_What is being asked_. Go through the data below and return each line where the string "boxes" occurs.

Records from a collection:
########

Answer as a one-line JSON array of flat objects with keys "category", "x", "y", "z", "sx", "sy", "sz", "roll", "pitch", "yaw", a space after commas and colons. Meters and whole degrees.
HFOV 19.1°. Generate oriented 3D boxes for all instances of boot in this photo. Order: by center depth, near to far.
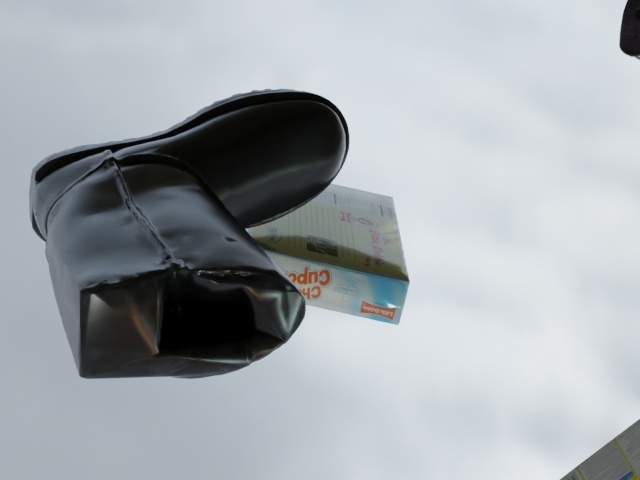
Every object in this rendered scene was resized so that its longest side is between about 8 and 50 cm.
[{"category": "boot", "x": -0.096, "y": -0.016, "z": 1.883, "sx": 0.367, "sy": 0.146, "sz": 0.445, "roll": -18, "pitch": -162, "yaw": -9}]

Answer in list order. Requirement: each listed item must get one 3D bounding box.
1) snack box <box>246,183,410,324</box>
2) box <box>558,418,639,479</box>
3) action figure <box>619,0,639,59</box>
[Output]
[{"category": "snack box", "x": 0.000, "y": 0.000, "z": 2.233, "sx": 0.187, "sy": 0.060, "sz": 0.322, "roll": 12, "pitch": -163, "yaw": -5}, {"category": "box", "x": 0.248, "y": 0.226, "z": 1.372, "sx": 0.043, "sy": 0.105, "sz": 0.179, "roll": 33, "pitch": -157, "yaw": -47}, {"category": "action figure", "x": 0.397, "y": -0.186, "z": 1.848, "sx": 0.185, "sy": 0.099, "sz": 0.285, "roll": 12, "pitch": 176, "yaw": 31}]
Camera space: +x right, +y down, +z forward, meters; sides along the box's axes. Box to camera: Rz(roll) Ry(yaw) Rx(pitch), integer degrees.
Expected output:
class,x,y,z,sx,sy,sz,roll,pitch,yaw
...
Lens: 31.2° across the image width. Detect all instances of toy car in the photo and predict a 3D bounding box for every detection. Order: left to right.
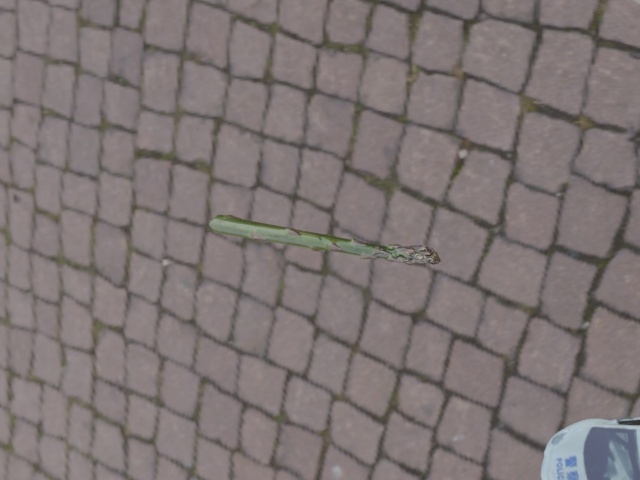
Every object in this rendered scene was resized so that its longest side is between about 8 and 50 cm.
class,x,y,z,sx,sy,sz,roll,pitch,yaw
toy car,0.290,0.191,0.971,0.204,0.056,0.095,-6,59,10

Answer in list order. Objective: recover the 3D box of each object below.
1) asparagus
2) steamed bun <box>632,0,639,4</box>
class,x,y,z,sx,sy,sz,roll,pitch,yaw
asparagus,0.000,0.000,1.133,0.248,0.024,0.025,9,66,25
steamed bun,0.328,-0.344,0.930,0.206,0.324,0.324,46,123,8
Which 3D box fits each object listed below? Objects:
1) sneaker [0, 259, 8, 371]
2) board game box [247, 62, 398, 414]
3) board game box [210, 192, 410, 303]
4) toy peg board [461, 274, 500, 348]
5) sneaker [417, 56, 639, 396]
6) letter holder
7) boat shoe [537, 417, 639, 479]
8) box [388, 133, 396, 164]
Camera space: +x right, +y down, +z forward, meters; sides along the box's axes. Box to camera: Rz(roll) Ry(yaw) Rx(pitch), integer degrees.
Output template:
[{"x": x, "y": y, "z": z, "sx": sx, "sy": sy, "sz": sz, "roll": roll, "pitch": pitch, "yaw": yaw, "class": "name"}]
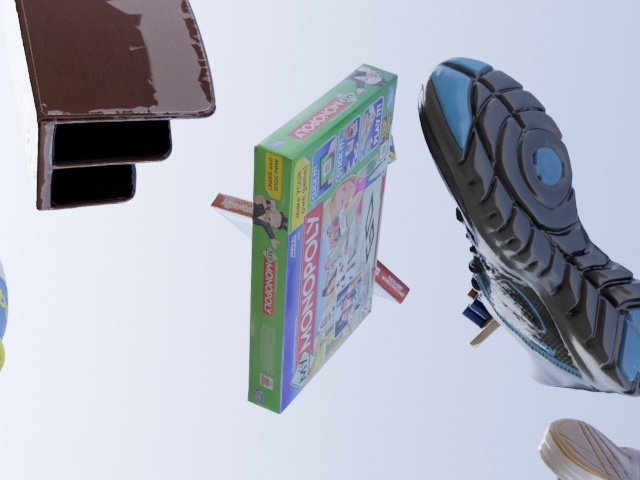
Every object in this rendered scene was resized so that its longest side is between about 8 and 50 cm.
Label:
[{"x": -0.183, "y": 0.044, "z": 0.455, "sx": 0.144, "sy": 0.053, "sz": 0.059, "roll": -20, "pitch": -136, "yaw": 19, "class": "sneaker"}, {"x": 0.000, "y": 0.000, "z": 1.176, "sx": 0.046, "sy": 0.213, "sz": 0.317, "roll": 20, "pitch": -52, "yaw": 22, "class": "board game box"}, {"x": -0.020, "y": 0.006, "z": 1.448, "sx": 0.281, "sy": 0.145, "sz": 0.027, "roll": 17, "pitch": -108, "yaw": 53, "class": "board game box"}, {"x": 0.264, "y": 0.052, "z": 1.642, "sx": 0.079, "sy": 0.161, "sz": 0.161, "roll": 37, "pitch": -33, "yaw": 4, "class": "toy peg board"}, {"x": 0.167, "y": 0.002, "z": 0.982, "sx": 0.139, "sy": 0.125, "sz": 0.341, "roll": -15, "pitch": -70, "yaw": 55, "class": "sneaker"}, {"x": -0.258, "y": -0.203, "z": 1.362, "sx": 0.152, "sy": 0.214, "sz": 0.302, "roll": 108, "pitch": -30, "yaw": -47, "class": "letter holder"}, {"x": 0.323, "y": 0.287, "z": 1.310, "sx": 0.096, "sy": 0.277, "sz": 0.098, "roll": -41, "pitch": -134, "yaw": 20, "class": "boat shoe"}, {"x": 0.036, "y": -0.119, "z": 1.762, "sx": 0.169, "sy": 0.059, "sz": 0.054, "roll": -31, "pitch": -132, "yaw": 31, "class": "box"}]
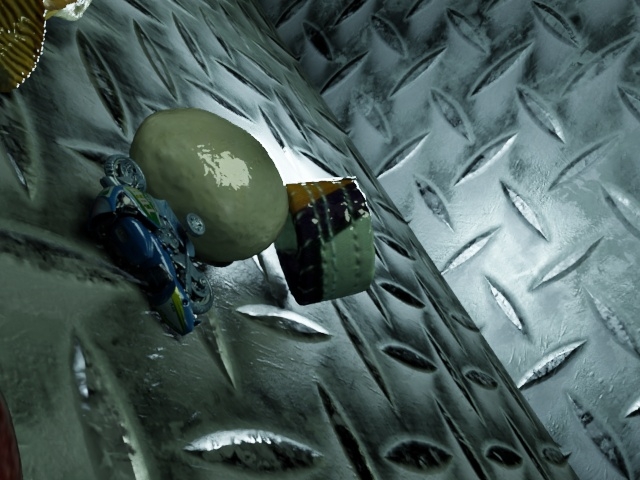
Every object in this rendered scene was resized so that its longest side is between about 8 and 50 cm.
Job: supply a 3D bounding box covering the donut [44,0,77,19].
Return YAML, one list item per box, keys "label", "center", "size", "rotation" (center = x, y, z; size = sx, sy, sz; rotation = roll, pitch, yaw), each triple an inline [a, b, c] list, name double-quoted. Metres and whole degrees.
- label: "donut"
  center: [-0.495, -0.441, 1.069]
  size: [0.277, 0.108, 0.278]
  rotation: [36, 39, -36]

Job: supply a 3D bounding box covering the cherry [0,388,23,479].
- label: "cherry"
  center: [-0.265, 0.128, 0.352]
  size: [0.300, 0.202, 0.230]
  rotation: [64, 9, -48]

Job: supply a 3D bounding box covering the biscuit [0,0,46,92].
- label: "biscuit"
  center: [-0.437, -0.325, 0.933]
  size: [0.176, 0.031, 0.229]
  rotation: [-66, 147, -35]

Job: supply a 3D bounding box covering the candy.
- label: "candy"
  center: [-0.168, -0.098, 1.140]
  size: [0.295, 0.185, 0.296]
  rotation: [45, 22, -24]

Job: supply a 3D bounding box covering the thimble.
- label: "thimble"
  center: [0.000, 0.000, 1.289]
  size: [0.237, 0.150, 0.238]
  rotation: [172, -90, -76]

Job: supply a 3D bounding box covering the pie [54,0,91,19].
- label: "pie"
  center: [-0.553, -0.536, 1.285]
  size: [0.337, 0.075, 0.338]
  rotation: [43, 23, -23]

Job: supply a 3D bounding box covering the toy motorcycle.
- label: "toy motorcycle"
  center: [-0.225, 0.003, 0.936]
  size: [0.255, 0.092, 0.135]
  rotation: [59, 25, -4]
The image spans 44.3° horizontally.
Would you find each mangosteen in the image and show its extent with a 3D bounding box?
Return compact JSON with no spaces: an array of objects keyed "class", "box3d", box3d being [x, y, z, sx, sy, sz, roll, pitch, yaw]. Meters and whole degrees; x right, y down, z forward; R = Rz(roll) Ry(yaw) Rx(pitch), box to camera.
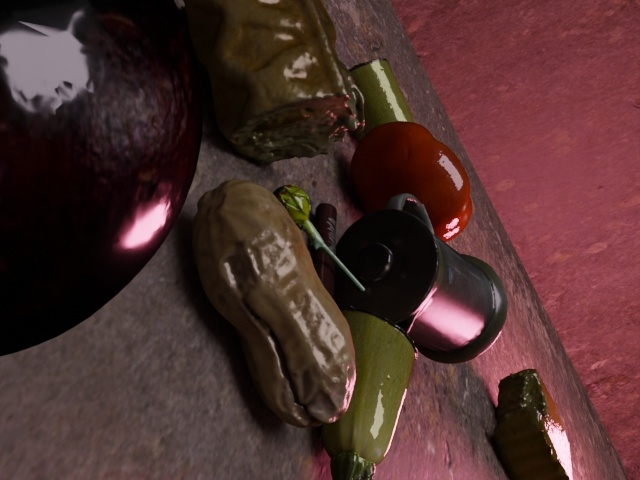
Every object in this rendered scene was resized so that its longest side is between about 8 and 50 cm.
[{"class":"mangosteen","box3d":[-0.193,-0.088,0.408,0.297,0.313,0.297,38,18,-15]}]

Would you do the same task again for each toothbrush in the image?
[{"class":"toothbrush","box3d":[0.001,0.062,1.128,0.041,0.040,0.364,53,24,-31]}]

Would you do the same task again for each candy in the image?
[{"class":"candy","box3d":[0.000,0.000,1.123,0.194,0.058,0.062,50,38,-5]}]

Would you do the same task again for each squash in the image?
[{"class":"squash","box3d":[0.057,0.199,0.988,0.137,0.137,0.287,56,24,-23]},{"class":"squash","box3d":[0.130,-0.253,1.680,0.247,0.132,0.132,67,20,1]}]

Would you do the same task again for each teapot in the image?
[{"class":"teapot","box3d":[0.157,0.050,1.288,0.337,0.200,0.271,29,52,-55]}]

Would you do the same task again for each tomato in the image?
[{"class":"tomato","box3d":[0.168,-0.101,1.490,0.260,0.180,0.260,49,-12,14]}]

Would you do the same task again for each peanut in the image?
[{"class":"peanut","box3d":[-0.050,0.070,0.864,0.290,0.130,0.130,62,20,-4]}]

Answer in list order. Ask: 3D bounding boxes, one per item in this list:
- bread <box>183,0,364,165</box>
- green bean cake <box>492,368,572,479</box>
[{"class":"bread","box3d":[-0.067,-0.251,1.109,0.196,0.238,0.252,122,-43,-65]},{"class":"green bean cake","box3d":[0.462,0.427,1.735,0.233,0.124,0.236,63,20,-8]}]
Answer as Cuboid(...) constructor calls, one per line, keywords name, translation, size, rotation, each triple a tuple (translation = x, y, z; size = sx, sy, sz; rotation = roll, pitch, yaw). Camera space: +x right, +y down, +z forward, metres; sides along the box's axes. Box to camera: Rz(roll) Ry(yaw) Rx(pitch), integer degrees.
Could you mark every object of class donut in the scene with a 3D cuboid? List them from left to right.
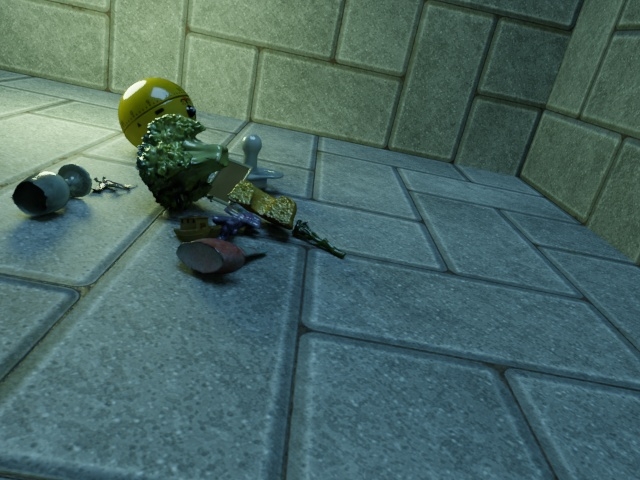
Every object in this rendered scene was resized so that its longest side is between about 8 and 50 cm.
Cuboid(name="donut", translation=(-0.182, -0.113, 1.689), size=(0.258, 0.101, 0.152), rotation=(22, -9, 17))

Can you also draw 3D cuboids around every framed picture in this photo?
Cuboid(name="framed picture", translation=(-0.356, -0.227, 1.872), size=(0.141, 0.183, 0.011), rotation=(23, -16, 24))

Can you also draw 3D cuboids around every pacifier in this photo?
Cuboid(name="pacifier", translation=(-0.298, -0.326, 2.014), size=(0.299, 0.233, 0.244), rotation=(-9, 27, -42))

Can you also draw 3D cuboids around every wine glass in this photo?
Cuboid(name="wine glass", translation=(-0.812, -0.157, 1.486), size=(0.126, 0.127, 0.241), rotation=(12, 20, -1))

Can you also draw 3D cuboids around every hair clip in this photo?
Cuboid(name="hair clip", translation=(-0.266, -0.057, 1.579), size=(0.137, 0.091, 0.278), rotation=(23, 24, 10))

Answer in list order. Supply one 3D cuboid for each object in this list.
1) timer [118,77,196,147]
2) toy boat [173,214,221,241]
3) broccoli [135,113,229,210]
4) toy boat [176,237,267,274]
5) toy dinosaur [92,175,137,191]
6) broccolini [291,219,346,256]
Cuboid(name="timer", translation=(-0.704, -0.523, 2.197), size=(0.387, 0.376, 0.376), rotation=(57, 25, -6))
Cuboid(name="toy boat", translation=(-0.363, -0.037, 1.434), size=(0.200, 0.077, 0.057), rotation=(4, 6, 44))
Cuboid(name="broccoli", translation=(-0.454, -0.268, 1.677), size=(0.280, 0.293, 0.348), rotation=(-1, 55, 16))
Cuboid(name="toy boat", translation=(-0.265, 0.033, 1.395), size=(0.205, 0.096, 0.282), rotation=(6, 8, 26))
Cuboid(name="toy dinosaur", translation=(-0.753, -0.200, 1.739), size=(0.108, 0.032, 0.220), rotation=(22, 22, 30))
Cuboid(name="broccolini", translation=(-0.001, 0.002, 1.651), size=(0.216, 0.058, 0.067), rotation=(31, 69, 23))
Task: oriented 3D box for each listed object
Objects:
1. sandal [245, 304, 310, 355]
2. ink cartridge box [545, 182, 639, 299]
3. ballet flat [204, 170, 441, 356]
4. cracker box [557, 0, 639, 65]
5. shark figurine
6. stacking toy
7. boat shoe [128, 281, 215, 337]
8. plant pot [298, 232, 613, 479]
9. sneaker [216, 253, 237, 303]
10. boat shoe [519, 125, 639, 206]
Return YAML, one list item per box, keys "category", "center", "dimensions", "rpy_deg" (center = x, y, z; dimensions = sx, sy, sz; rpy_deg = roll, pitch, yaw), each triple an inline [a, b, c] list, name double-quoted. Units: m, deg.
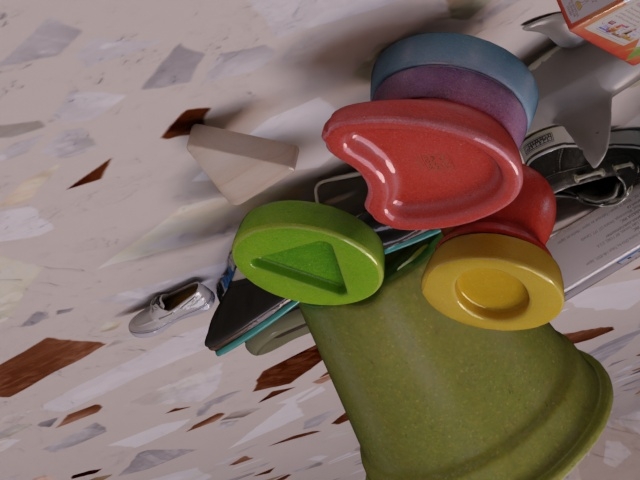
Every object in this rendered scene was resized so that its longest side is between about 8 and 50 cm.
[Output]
- category: "sandal"
  center: [0.056, 0.080, 1.865]
  dimensions: [0.303, 0.086, 0.120]
  rpy_deg: [-26, 163, 20]
- category: "ink cartridge box"
  center: [0.284, 0.030, 1.873]
  dimensions: [0.296, 0.066, 0.261]
  rpy_deg: [-32, 171, 12]
- category: "ballet flat"
  center: [0.000, 0.000, 1.506]
  dimensions: [0.280, 0.096, 0.095]
  rpy_deg: [-30, -178, 3]
- category: "cracker box"
  center: [0.295, -0.217, 1.188]
  dimensions: [0.232, 0.067, 0.156]
  rpy_deg: [-26, 164, 23]
- category: "shark figurine"
  center: [0.207, -0.103, 1.389]
  dimensions: [0.166, 0.116, 0.278]
  rpy_deg: [-6, 158, -36]
- category: "stacking toy"
  center: [0.058, -0.060, 1.346]
  dimensions: [0.279, 0.130, 0.309]
  rpy_deg: [2, 148, 17]
- category: "boat shoe"
  center: [-0.158, 0.068, 1.680]
  dimensions: [0.100, 0.035, 0.035]
  rpy_deg: [-21, 138, 20]
- category: "plant pot"
  center: [0.110, 0.104, 1.615]
  dimensions: [0.276, 0.254, 0.276]
  rpy_deg: [-26, -156, 12]
- category: "sneaker"
  center: [-0.050, 0.040, 1.662]
  dimensions: [0.083, 0.071, 0.191]
  rpy_deg: [-22, 174, -17]
- category: "boat shoe"
  center: [0.279, -0.068, 1.666]
  dimensions: [0.078, 0.070, 0.219]
  rpy_deg: [-31, 161, 37]
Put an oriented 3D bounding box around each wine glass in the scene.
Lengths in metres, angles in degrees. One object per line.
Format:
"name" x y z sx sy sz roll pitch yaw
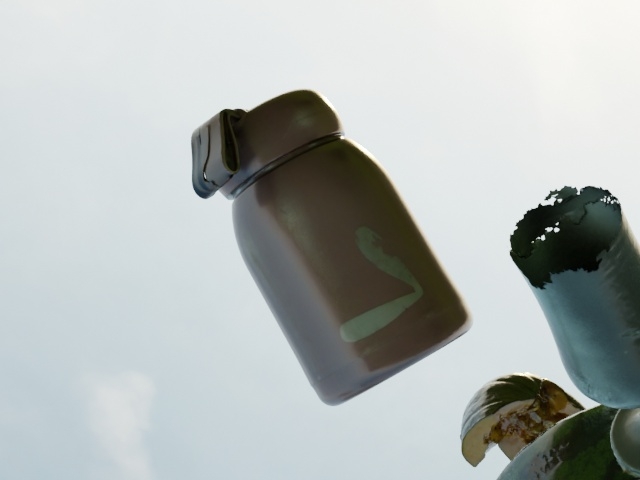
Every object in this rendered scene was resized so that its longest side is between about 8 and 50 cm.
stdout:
"wine glass" 0.081 0.023 0.322 0.083 0.042 0.039 56 -174 -30

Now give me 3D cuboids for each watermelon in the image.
"watermelon" 0.170 0.164 0.725 0.119 0.245 0.063 25 -152 -27

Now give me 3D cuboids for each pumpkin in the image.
"pumpkin" 0.249 0.220 1.462 0.184 0.119 0.107 26 -152 -20

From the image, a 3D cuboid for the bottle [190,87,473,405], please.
"bottle" 0.000 0.000 1.176 0.206 0.173 0.296 -21 -99 -53
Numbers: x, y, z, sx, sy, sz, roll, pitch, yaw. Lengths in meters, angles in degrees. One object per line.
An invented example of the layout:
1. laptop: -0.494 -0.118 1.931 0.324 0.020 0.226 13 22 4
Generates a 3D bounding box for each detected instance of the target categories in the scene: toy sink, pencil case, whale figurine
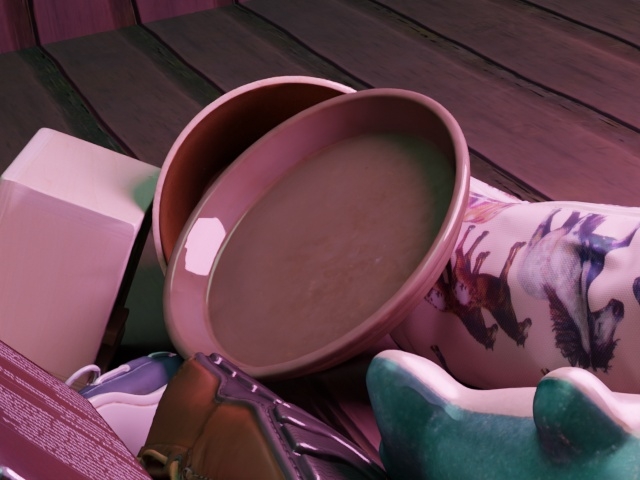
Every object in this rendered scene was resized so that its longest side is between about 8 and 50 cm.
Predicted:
1. toy sink: -0.229 0.047 1.712 0.131 0.234 0.153 20 19 -1
2. pencil case: 0.218 0.040 1.462 0.160 0.184 0.410 -3 8 -43
3. whale figurine: 0.130 0.161 1.112 0.272 0.216 0.141 23 56 26

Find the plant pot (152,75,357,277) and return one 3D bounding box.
1. plant pot: -0.043 -0.020 1.767 0.237 0.237 0.254 -13 3 -10

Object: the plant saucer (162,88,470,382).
1. plant saucer: 0.000 0.000 1.529 0.278 0.041 0.278 -24 40 22

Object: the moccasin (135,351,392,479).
1. moccasin: -0.049 0.171 1.271 0.147 0.139 0.380 -56 24 -5

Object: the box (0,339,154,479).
1. box: -0.189 0.161 1.140 0.143 0.191 0.381 -54 26 -2

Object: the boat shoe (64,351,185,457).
1. boat shoe: -0.154 0.138 1.498 0.079 0.095 0.254 4 21 33
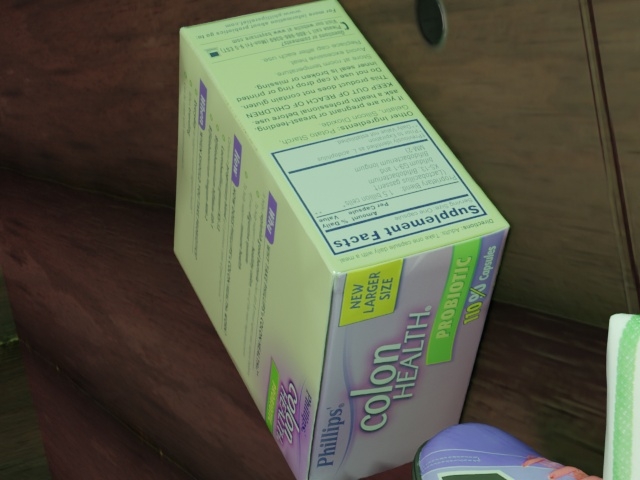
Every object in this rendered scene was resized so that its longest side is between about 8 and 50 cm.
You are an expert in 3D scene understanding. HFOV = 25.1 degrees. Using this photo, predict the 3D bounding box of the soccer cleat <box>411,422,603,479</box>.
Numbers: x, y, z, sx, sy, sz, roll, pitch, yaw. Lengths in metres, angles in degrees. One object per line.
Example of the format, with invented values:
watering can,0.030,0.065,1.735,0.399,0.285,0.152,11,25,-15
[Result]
soccer cleat,0.156,0.167,0.720,0.318,0.109,0.116,46,129,51

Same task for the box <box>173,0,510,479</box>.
box,0.000,0.000,0.956,0.213,0.117,0.243,97,151,-44

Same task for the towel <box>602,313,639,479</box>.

########

_Solution for this exercise_.
HFOV 19.1°. Generate oriented 3D boxes for all instances of boot in this photo. Order: by center depth, near to far.
Answer in list order. Ask: 3D bounding boxes, one per item in this list:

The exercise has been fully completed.